Each Client has a send channel. The hub never blocks on a slow client — if the channel is full (the default branch), that client is dropped. This prevents one slow connection from stalling delivery to everyone else.

Keepalive: ping/pong

WebSocket connections through proxies and load balancers get silently dropped after idle periods. We send a ping every 30 seconds and expect a pong back within 60 seconds:

const (
    pingInterval = 30 * time.Second
    pongTimeout  = 60 * time.Second
)

func (c *Client) writePump() {
    ticker := time.NewTicker(pingInterval)
    defer ticker.Stop()
    for {
        select {
        case message, ok := <-c.send:
            if !ok {
                c.conn.WriteMessage(websocket.CloseMessage, []byte{})
                return
            }
            c.conn.WriteMessage(websocket.TextMessage, message)
        case <-ticker.C:
            c.conn.SetWriteDeadline(time.Now().Add(pongTimeout))
            c.conn.WriteMessage(websocket.PingMessage, nil)
        }
    }
}

The read pump sets a pong handler that resets the deadline. If no pong arrives within 60 seconds, the read deadline fires, the connection errors, and the client is unregistered from the hub.

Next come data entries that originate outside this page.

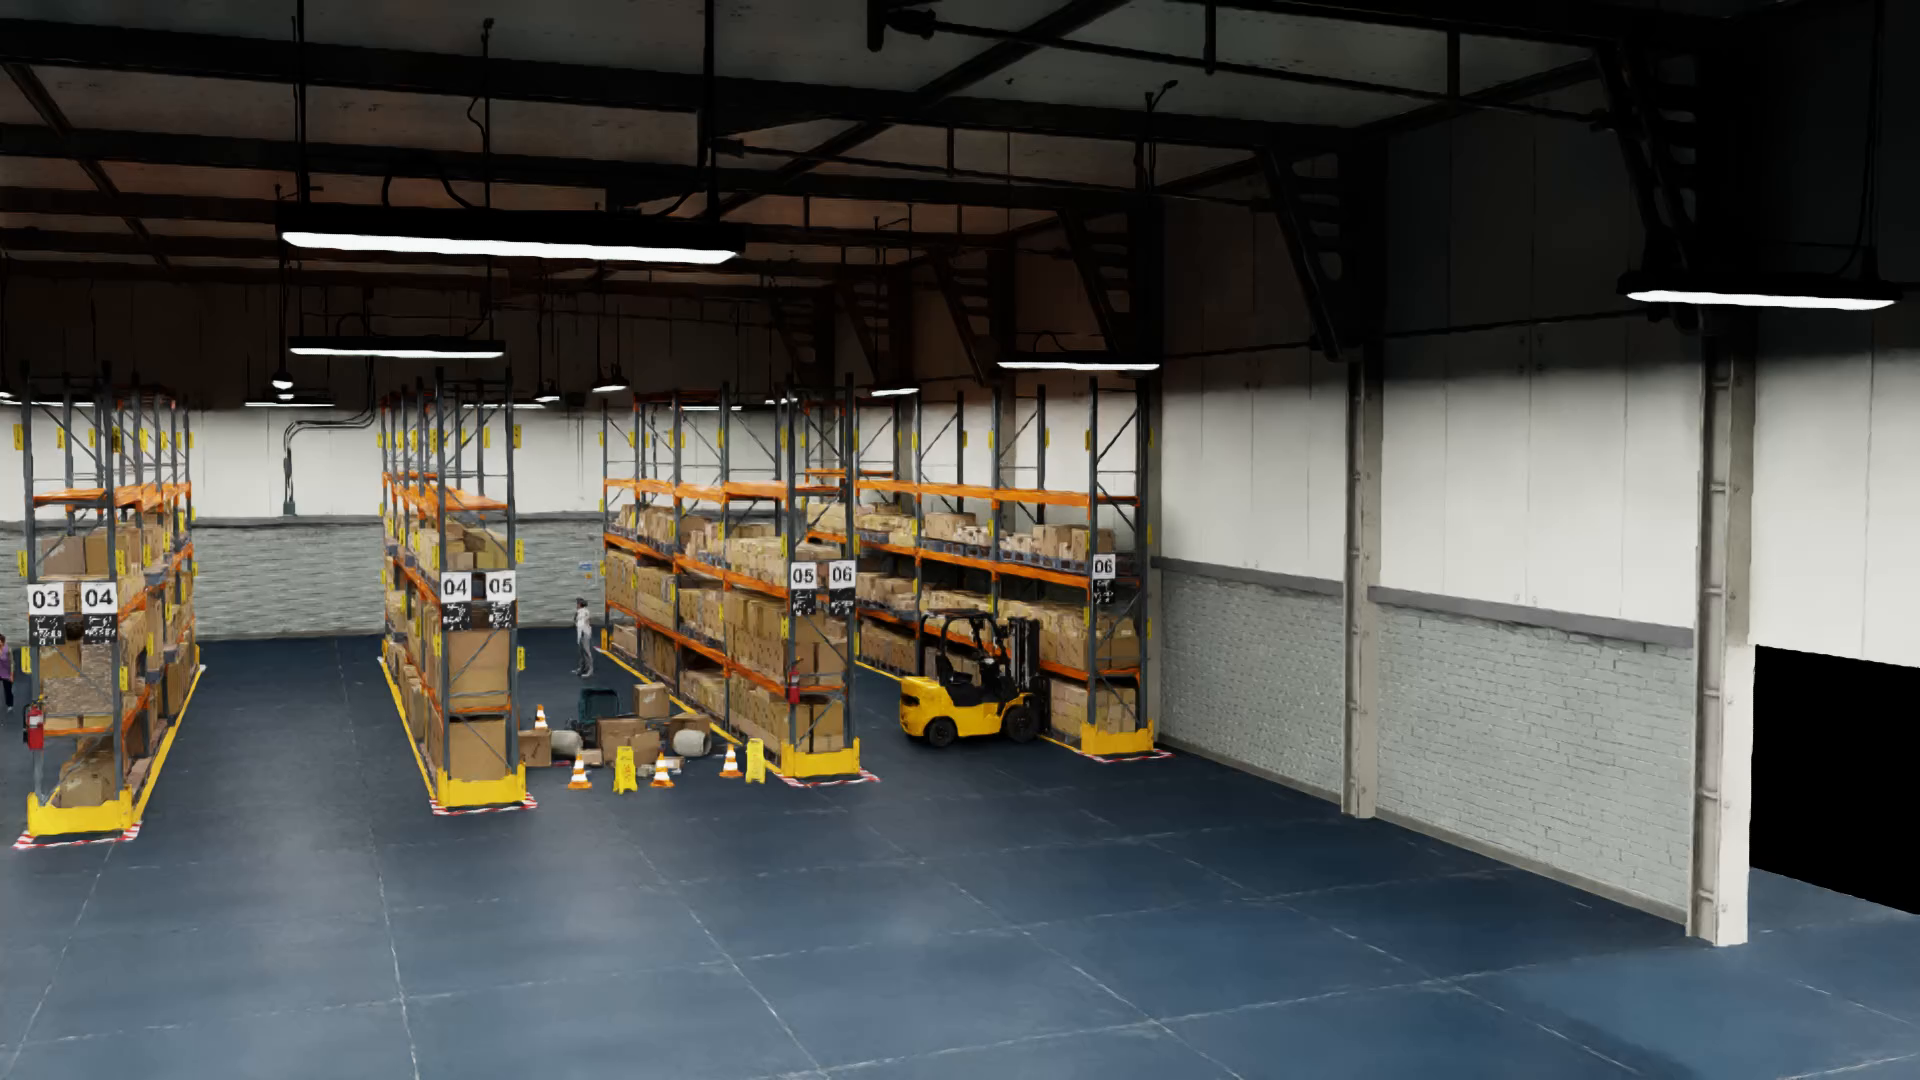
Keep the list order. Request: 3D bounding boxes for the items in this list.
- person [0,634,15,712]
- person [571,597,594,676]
[{"bbox_3d":[-17.264,2.429,29.979,0.416,1.525,1.034,-1,4,-23],"label":"person"},{"bbox_3d":[-8.008,2.034,35.259,0.528,1.669,0.565,0,3,-3],"label":"person"}]
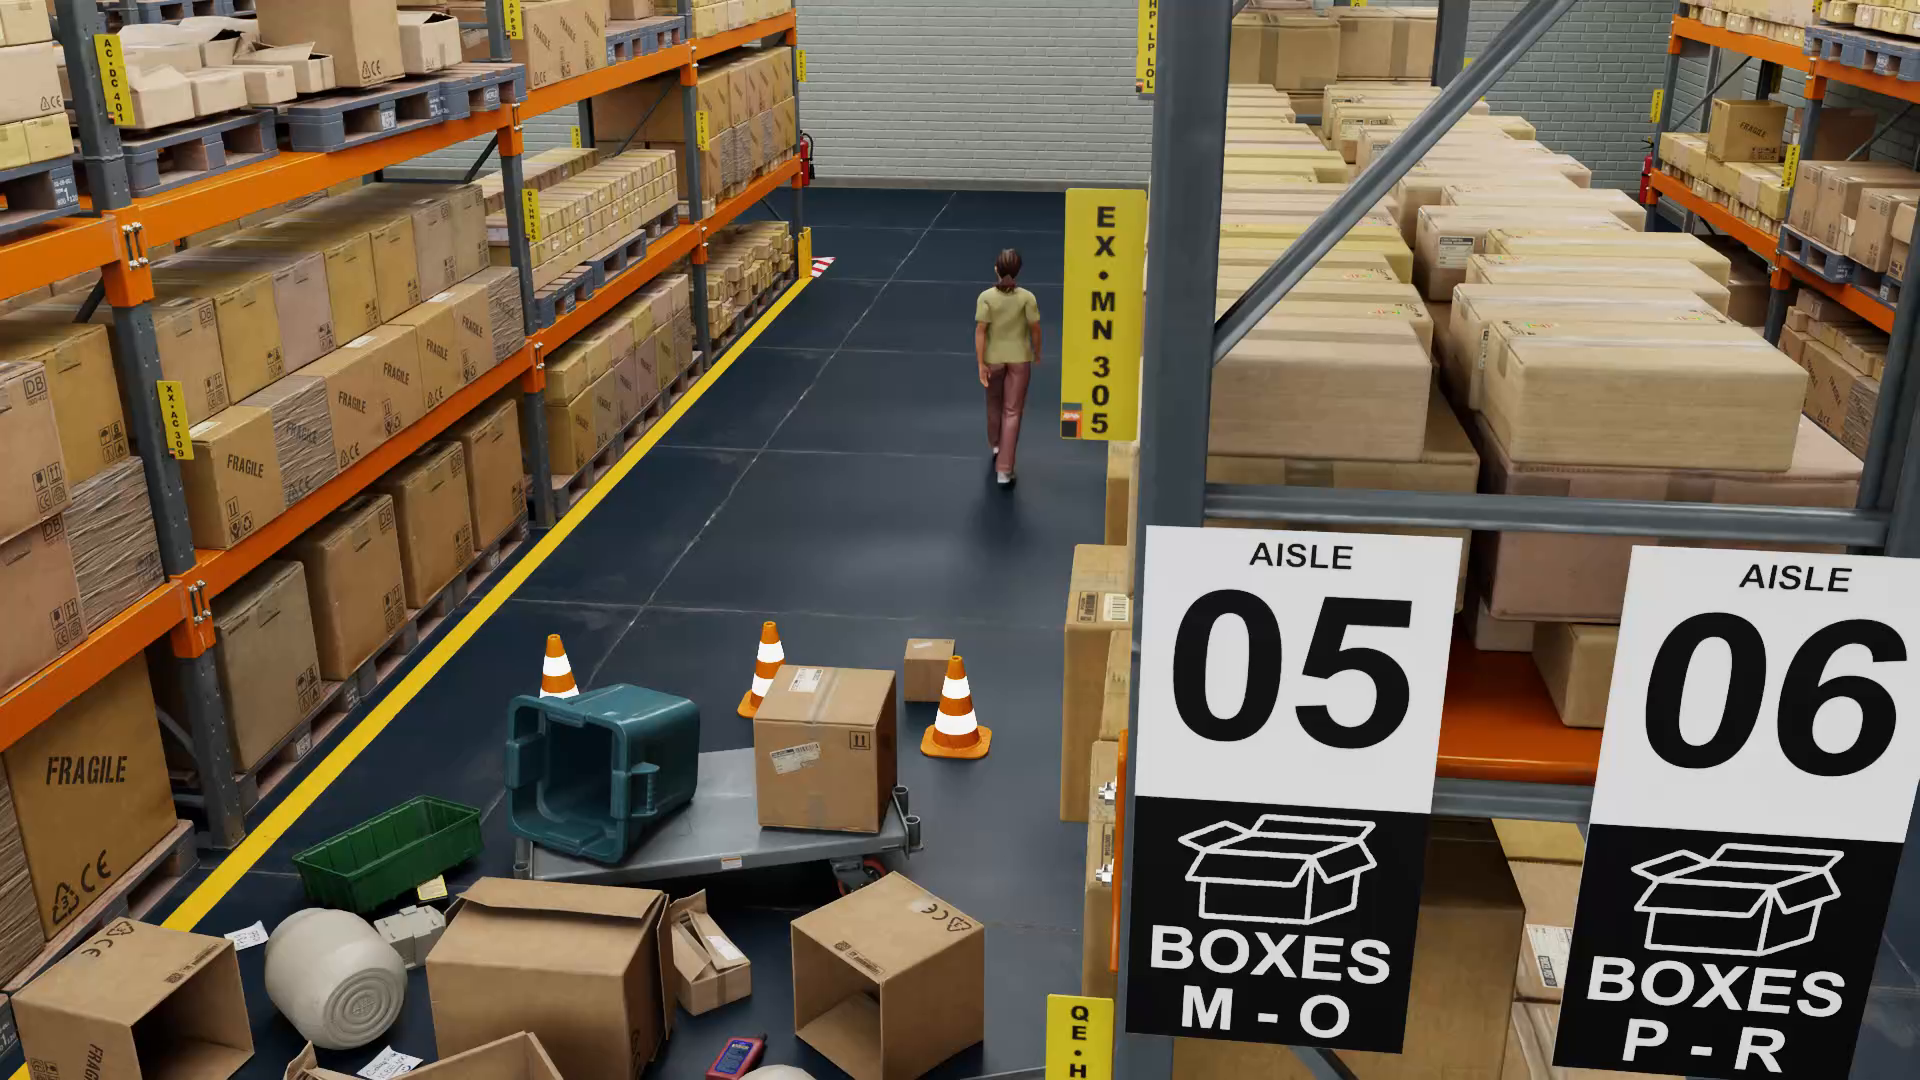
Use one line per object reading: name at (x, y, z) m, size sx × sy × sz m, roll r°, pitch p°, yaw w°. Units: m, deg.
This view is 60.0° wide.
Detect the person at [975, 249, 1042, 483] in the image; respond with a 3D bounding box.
person at (0.364, -1.305, 11.917) m, size 0.459 × 1.616 × 0.969 m, roll 3°, pitch 22°, yaw 9°

Webhook receivers → event bus → WebSocket push

The actual alert delivery path:

PagerDuty, GitHub, or Datadog sends a webhook to our backend.
The webhook handler validates the signature (HMAC-SHA256 for most, custom for PagerDuty).
The event is published to an in-process event bus — a simple chan Event with typed subscribers.
A subscriber for each event type formats the payload and sends it to hub.broadcast.
The hub delivers it to all connected clients that are authenticated for that team/org.

Per-user filtering happens at the hub layer, not the webhook layer. All events flow into the bus; the hub decides which clients should see which events based on the user’s configured integrations and team membership.

Result

End-to-end latency from a PagerDuty incident firing to the DevBar menu bar icon updating is consistently under one second in our testing. For GitHub PR review requests and Datadog monitor alerts, it’s similar.

The tradeoff is connection overhead: each DevBar client holds an open WebSocket connection. At our current scale this is fine — Go handles hundreds of thousands of concurrent connections comfortably. If we get to the point where this is a scaling concern, the natural next step is a dedicated WebSocket gateway service (or just use a managed pubsub like Ably or Pusher), but we’re not there yet.

Polling was the right call for v1 — it got us to launch. Replacing it with push was the right call for v2. Most infrastructure decisions are about picking the right tool for the current problem size, not the theoretical future one.